_What you need to do_
Write out all the entries word for word and omit any pictures.

_Available data_
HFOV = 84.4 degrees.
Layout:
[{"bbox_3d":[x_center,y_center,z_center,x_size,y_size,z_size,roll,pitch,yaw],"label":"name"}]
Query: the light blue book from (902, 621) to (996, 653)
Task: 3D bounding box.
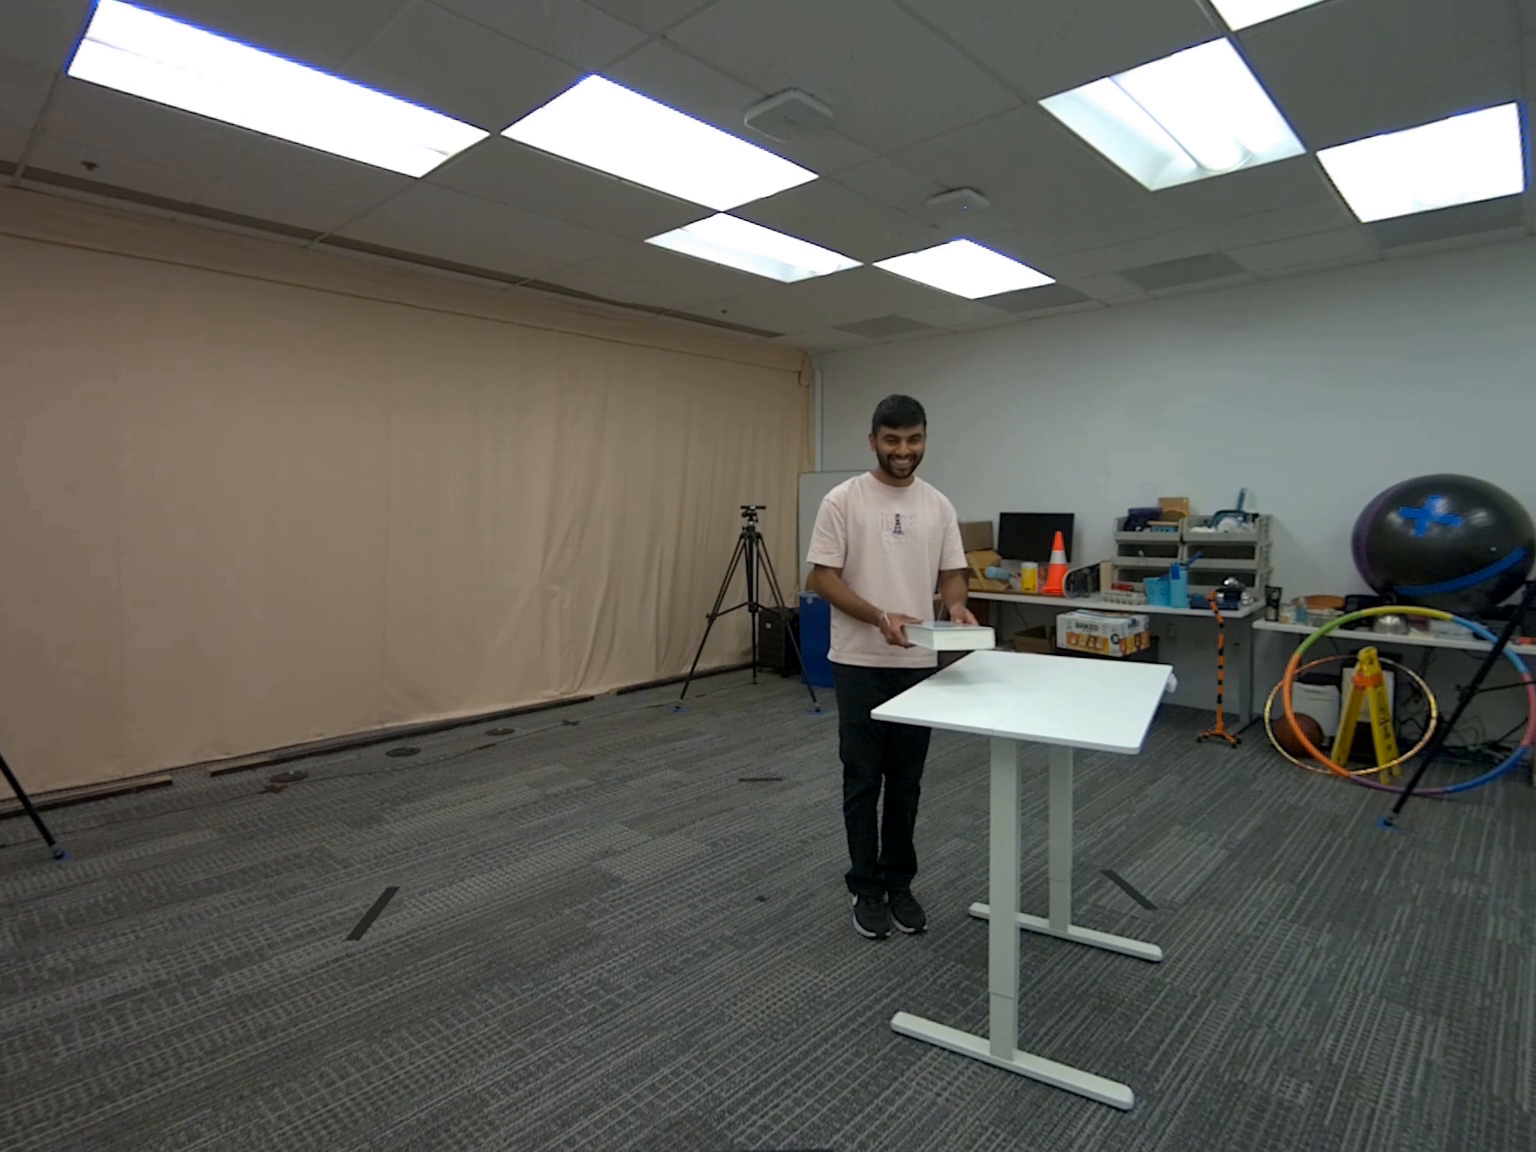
[{"bbox_3d":[0.522,0.170,2.482,0.190,0.059,0.263,0,2,-8],"label":"light blue book"}]

_Written solution_
HFOV = 84.4 degrees.
Layout:
[{"bbox_3d":[x_center,y_center,z_center,x_size,y_size,z_size,roll,pitch,yaw],"label":"name"}]
Query: the light blue book from (902, 621) to (996, 653)
Task: 3D bounding box.
[{"bbox_3d":[0.522,0.170,2.482,0.190,0.059,0.263,0,2,-8],"label":"light blue book"}]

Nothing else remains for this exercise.